Most DIY biologists and community labs lack either the space, funds, or electrical infrastructure to support −80°C storage of their cell cultures. (BosLab's issue is mostly lack of space followed by lack of funds to pay the increased electric bill.) While it seems that storing E. coli, the most common molecular biology workhorse organism, for indefinite time may be possible in consumer-grade −20°C chest freezers, here we focus our attention on dry storage at ambient temperatures to gain these additional benefits:
Ability to ship cells by mail, even by international mail that may take many months to deliver
Usability in places without electricity, either completely “off-grid” labs or labs without reliable electricity
A survey of the literature indicates that intracellular trehalose accumulation protects living cells against dessication damage. In particular, Garcia de Castro and Tunnacliffe (Ref. 1) noted greatly increased viability of E. coli cells dried, stored for 7 days, then rehydrated, if they were first cultured in an osmotically stressed condition then vacuum dried from a 1 M trehalose solution.

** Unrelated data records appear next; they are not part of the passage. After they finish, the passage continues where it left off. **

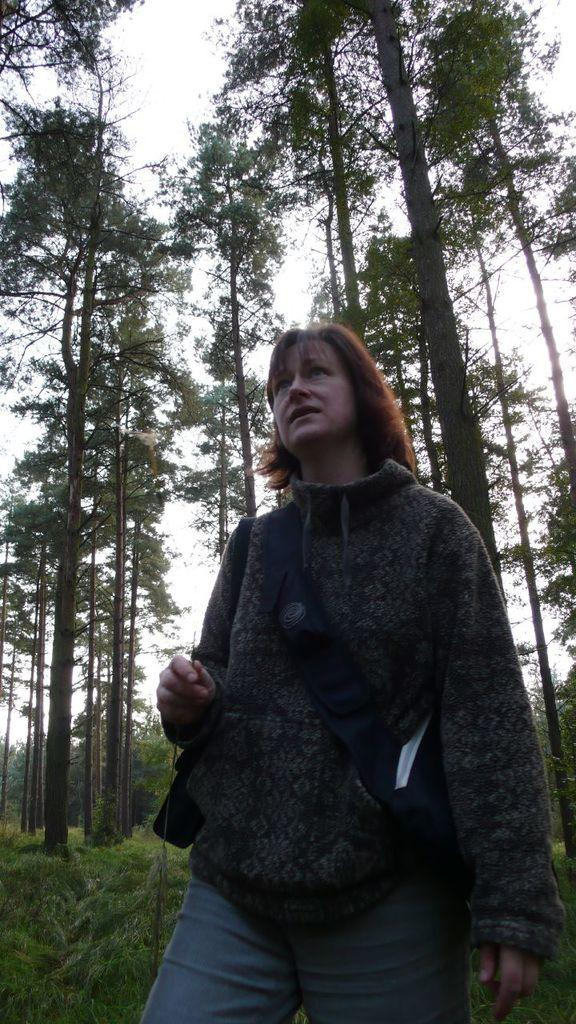Who is the main subject in the picture? There is a woman in the middle of the picture. What is the woman wearing? The woman is wearing a black jacket and blue jeans. What is the woman's posture in the picture? The woman is standing. What can be seen in the background of the picture? There are many trees behind the woman. What is visible at the top of the picture? The sky is visible at the top of the picture. How many caves are visible in the picture? There are no caves present in the image. 
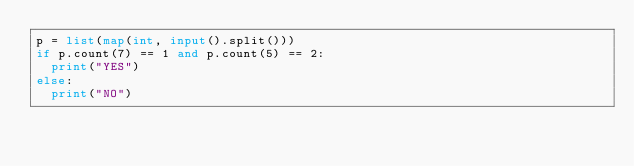<code> <loc_0><loc_0><loc_500><loc_500><_Python_>p = list(map(int, input().split()))
if p.count(7) == 1 and p.count(5) == 2:
  print("YES")
else:
  print("NO")</code> 
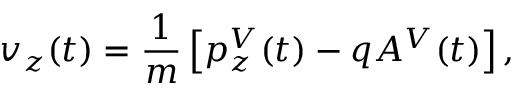Convert formula to latex. <formula><loc_0><loc_0><loc_500><loc_500>v _ { z } ( t ) = \frac { 1 } { m } \left [ p _ { z } ^ { V } ( t ) - q A ^ { V } ( t ) \right ] ,</formula> 
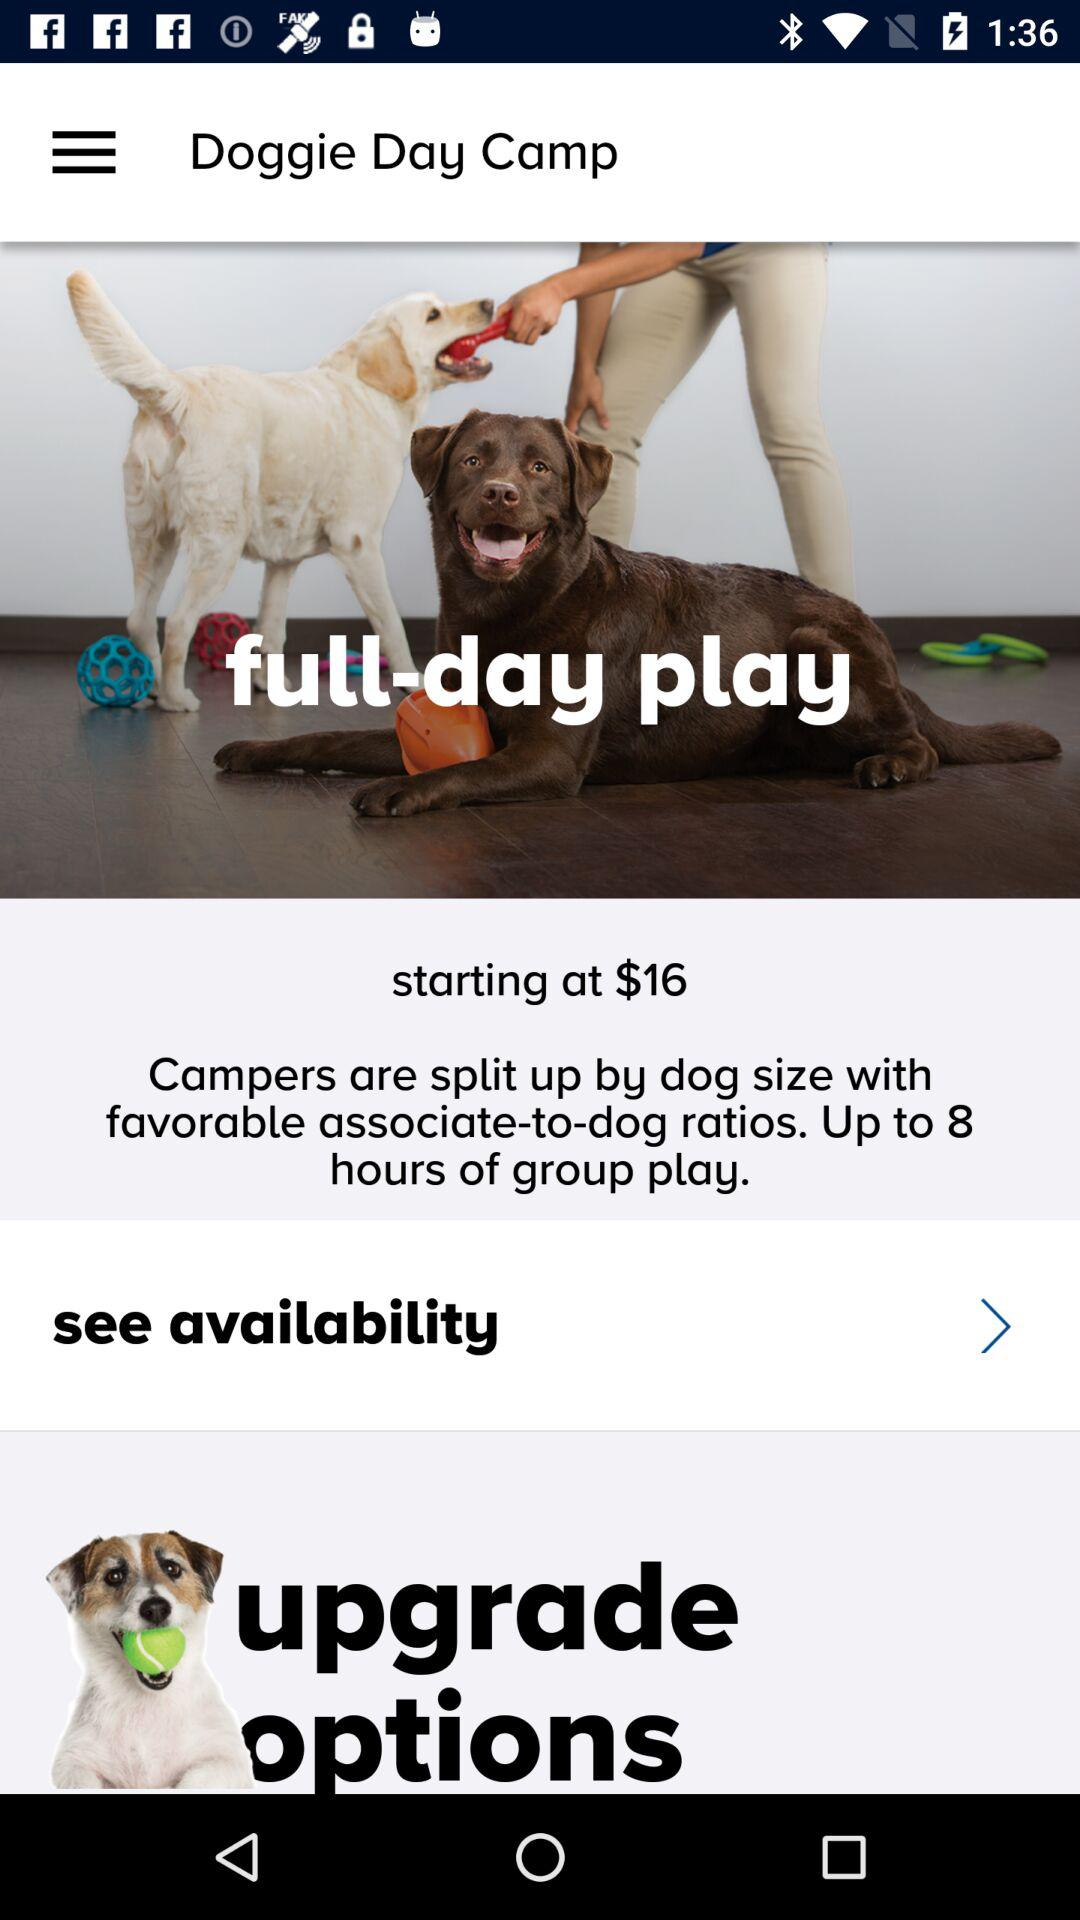What is the starting price for full-day play? The starting price is $16. 
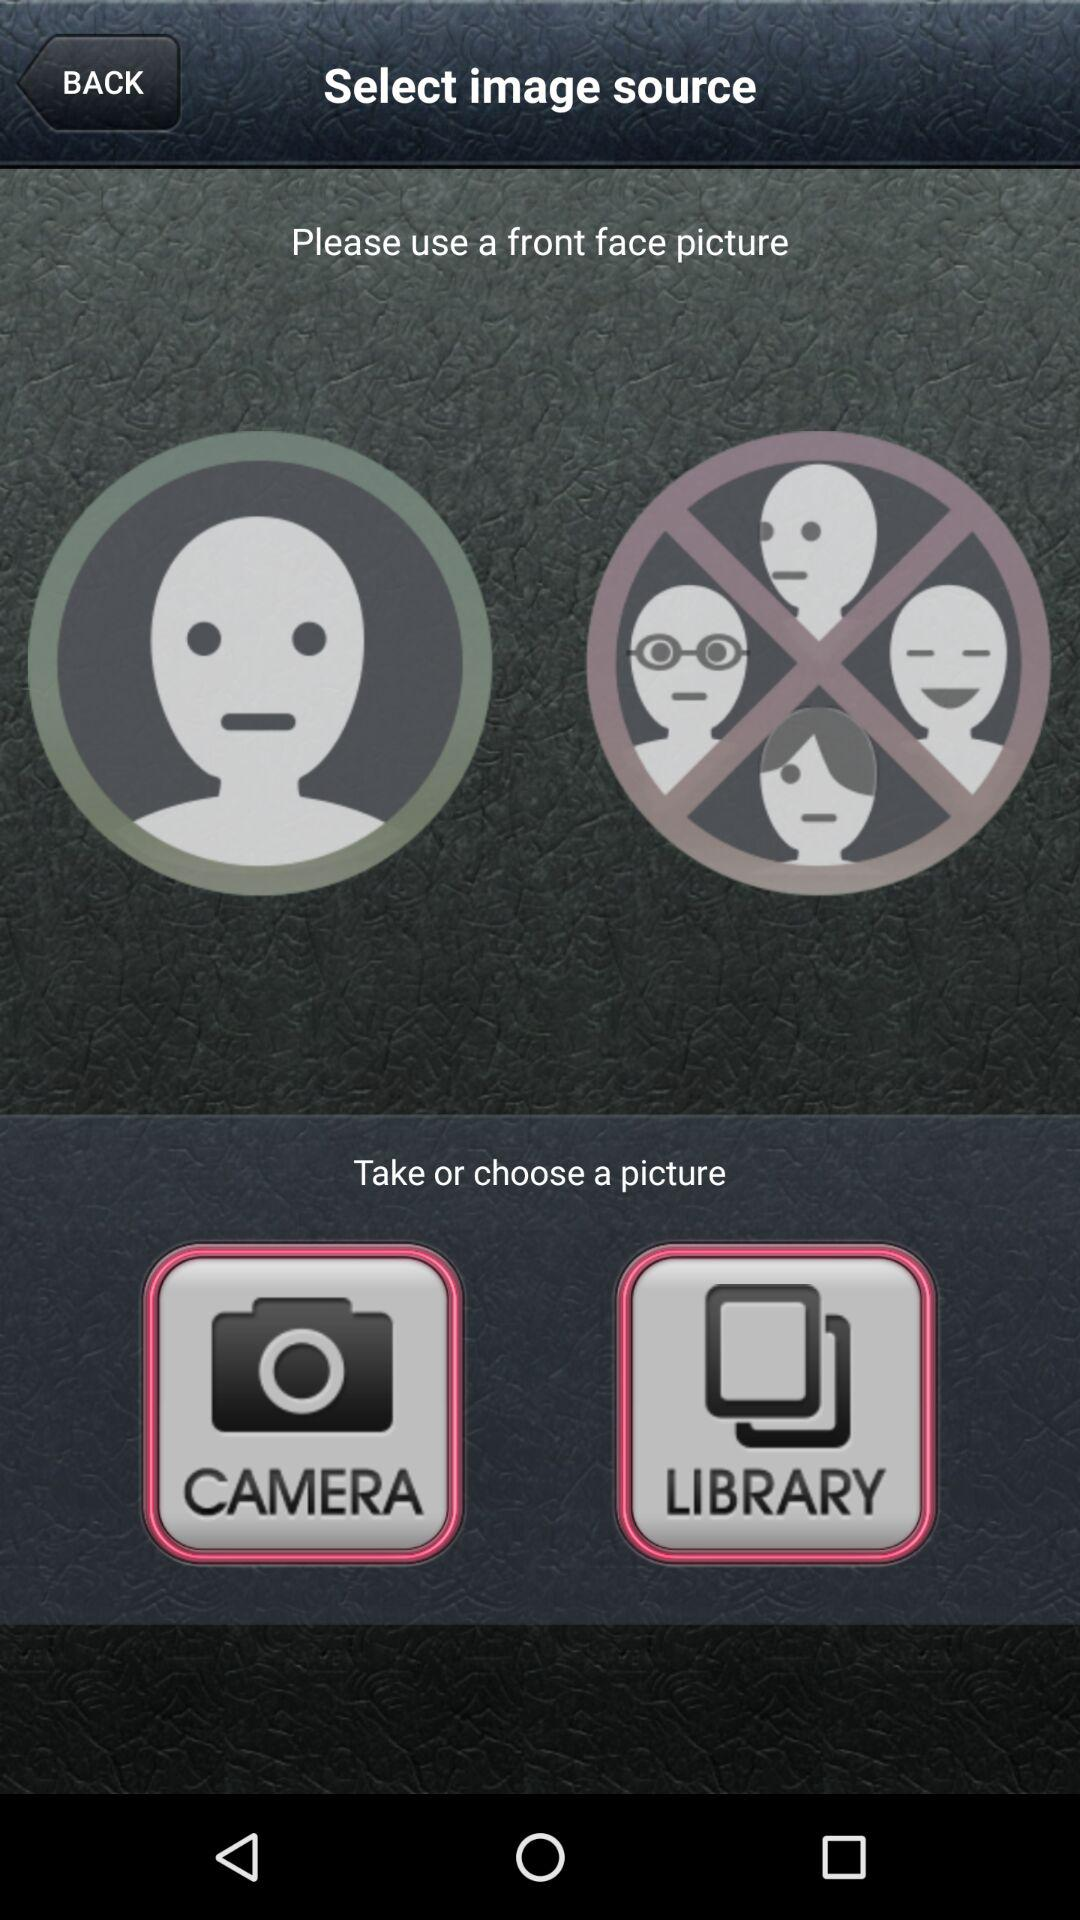What option can be used to upload a picture? The options are "CAMERA" and "LIBRARY". 
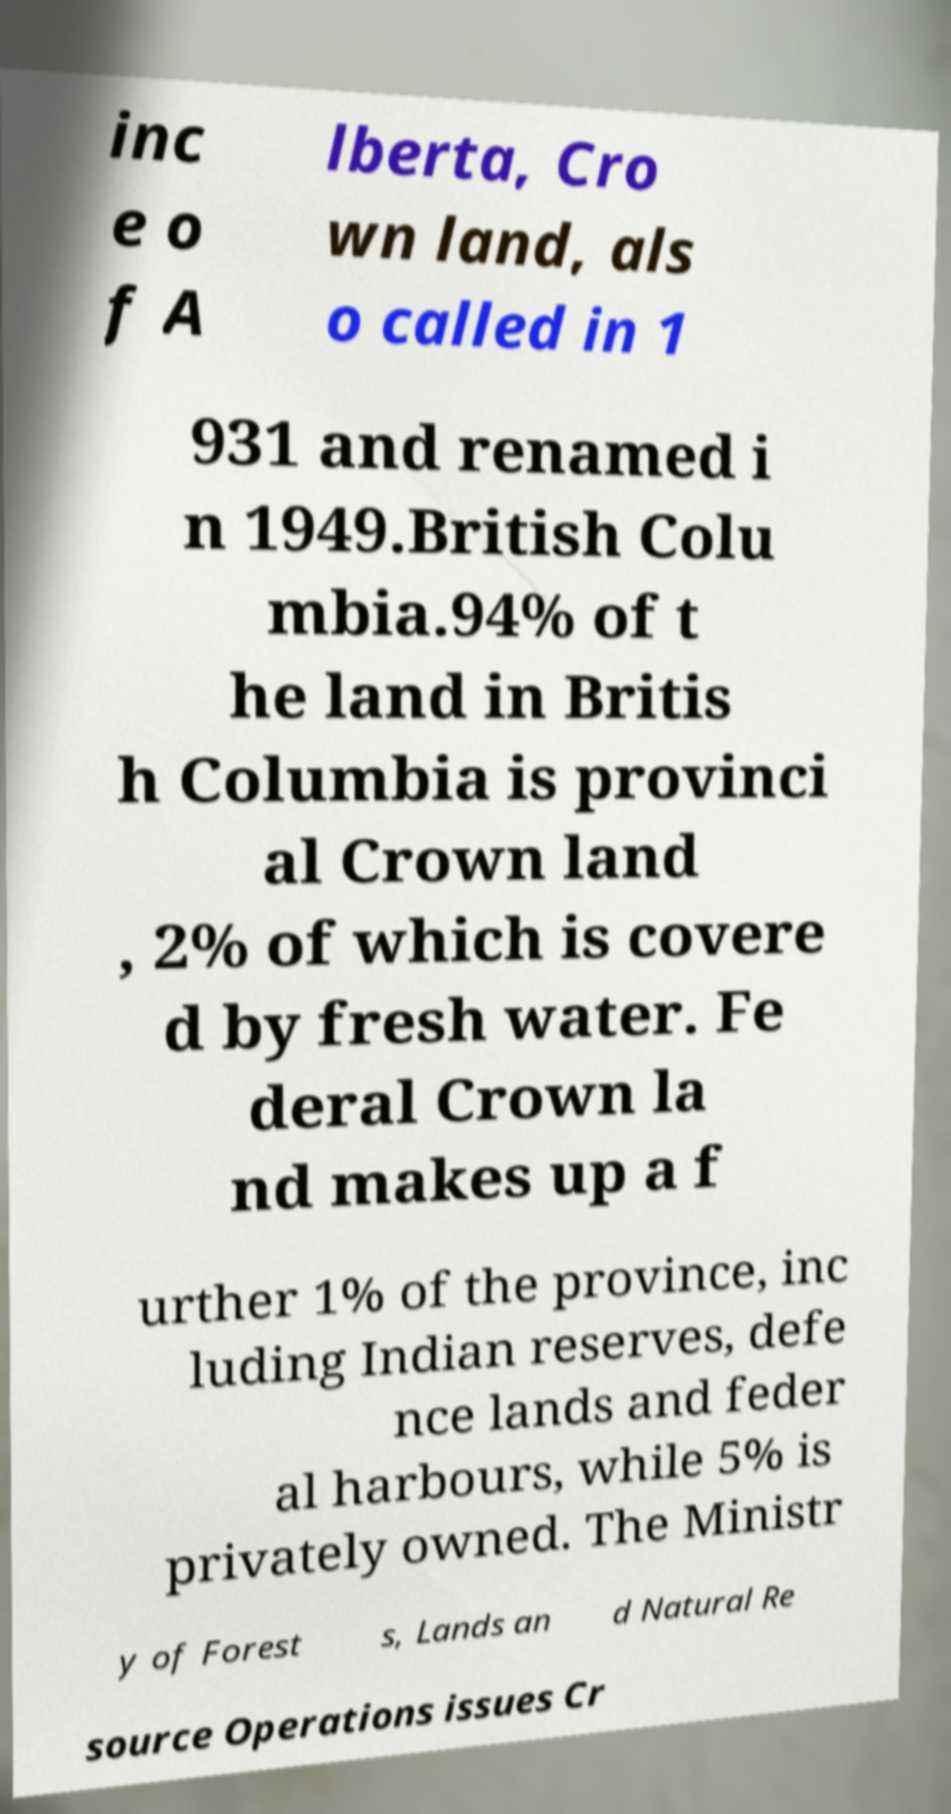Please read and relay the text visible in this image. What does it say? inc e o f A lberta, Cro wn land, als o called in 1 931 and renamed i n 1949.British Colu mbia.94% of t he land in Britis h Columbia is provinci al Crown land , 2% of which is covere d by fresh water. Fe deral Crown la nd makes up a f urther 1% of the province, inc luding Indian reserves, defe nce lands and feder al harbours, while 5% is privately owned. The Ministr y of Forest s, Lands an d Natural Re source Operations issues Cr 
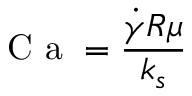Convert formula to latex. <formula><loc_0><loc_0><loc_500><loc_500>C a = \frac { \dot { \gamma } R \mu } { k _ { s } }</formula> 
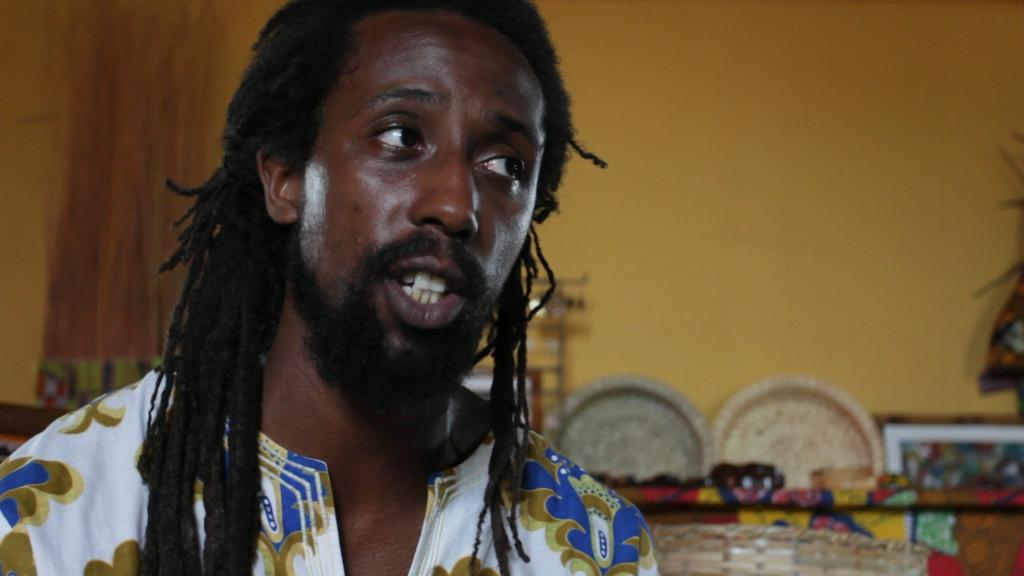Who is present in the image? There is a man in the image. What can be seen behind the man? There are objects visible behind the man. What type of structure is in the image? There is a wall in the image. How many pages are visible in the image? There are no pages present in the image. What type of basket is being used by the man in the image? There is no basket present in the image. 
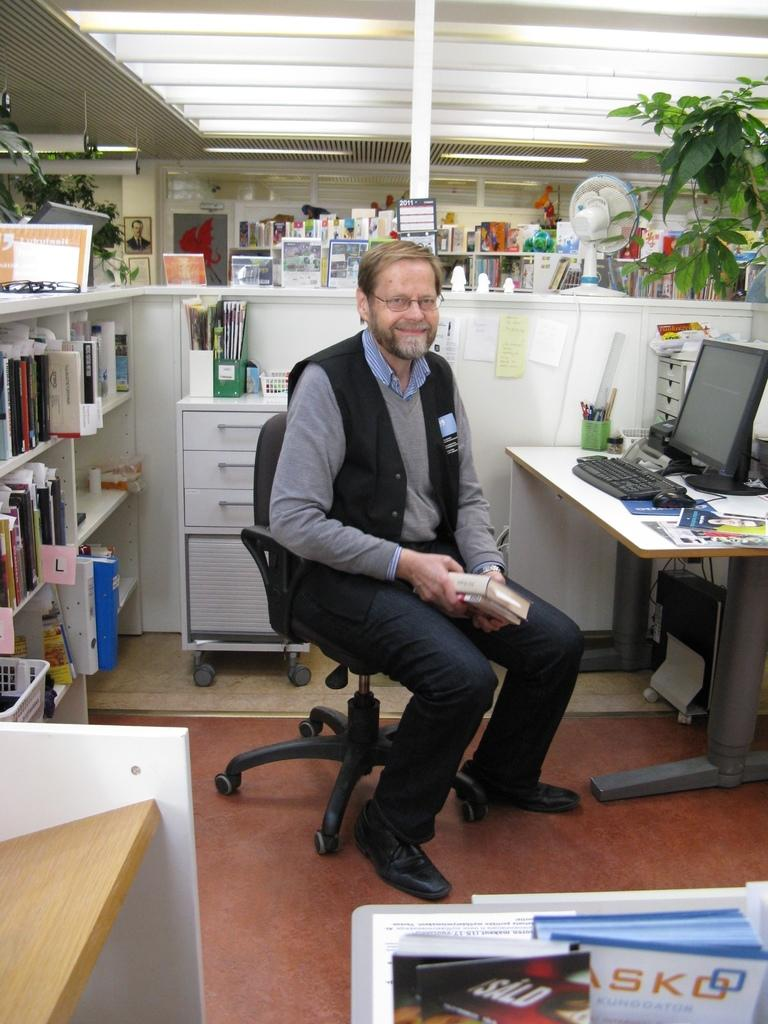Provide a one-sentence caption for the provided image. A man sits in his office in front of an alphabetized shelf of materials. 
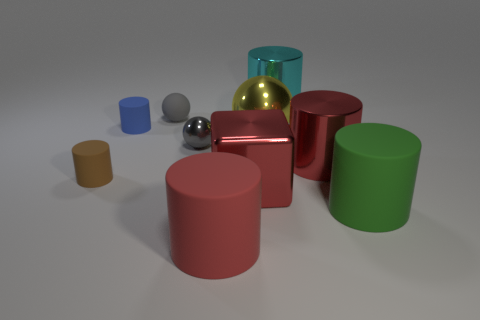What shape is the tiny object that is the same material as the red cube? The tiny object with the same material as the red cube is a sphere, showcasing a perfectly round three-dimensional shape that reflects light similarly to the red cube's glossy surface. 
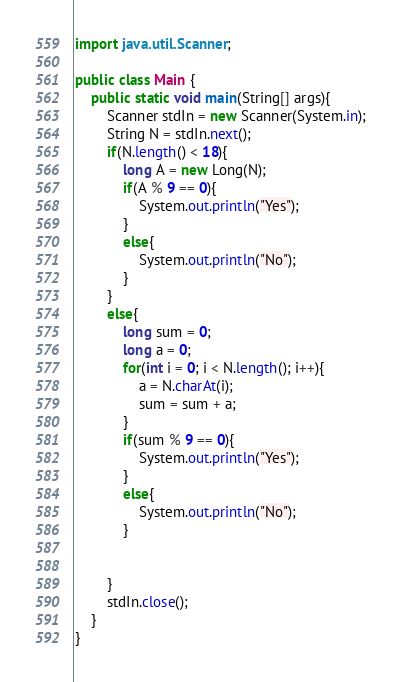Convert code to text. <code><loc_0><loc_0><loc_500><loc_500><_Java_>import java.util.Scanner;

public class Main {
	public static void main(String[] args){
		Scanner stdIn = new Scanner(System.in);
		String N = stdIn.next();
		if(N.length() < 18){
			long A = new Long(N);
			if(A % 9 == 0){
				System.out.println("Yes");
			}
			else{
				System.out.println("No");
			}
		}
		else{
			long sum = 0;
			long a = 0;
			for(int i = 0; i < N.length(); i++){
				a = N.charAt(i);
				sum = sum + a;
			}
			if(sum % 9 == 0){
				System.out.println("Yes");
			}
			else{
				System.out.println("No");
			}


		}
		stdIn.close();
	}
}
</code>

Culturing under osmotic stress, such as by culturing in 0.5 M NaCl, induces some bacteria to produce and accumulate trehalose within themselves. Pelleting these cultures and resuspending in 1 M trehalose before drying appears to ensure sufficient trehalose both inside and outside the cell membrane to enable the bacteria to survive the drying process.
23 Nov 2021 Tuesday: Frank Lee and Chris Watt did the initial trial of the draft protocol at BosLab during weekly Novice Night. Cells didn't grow in any way as to be detectable as cloudiness in the culture media either by eye or by OD600 measurements. Snapshot of the protocol used along with results is linked here.
Summary: Looks like the DH5α grew but the GFP strain didn't.
Plan: Consider starting the cultures next time in LB until visible growth, then subculturing in BLOSMM.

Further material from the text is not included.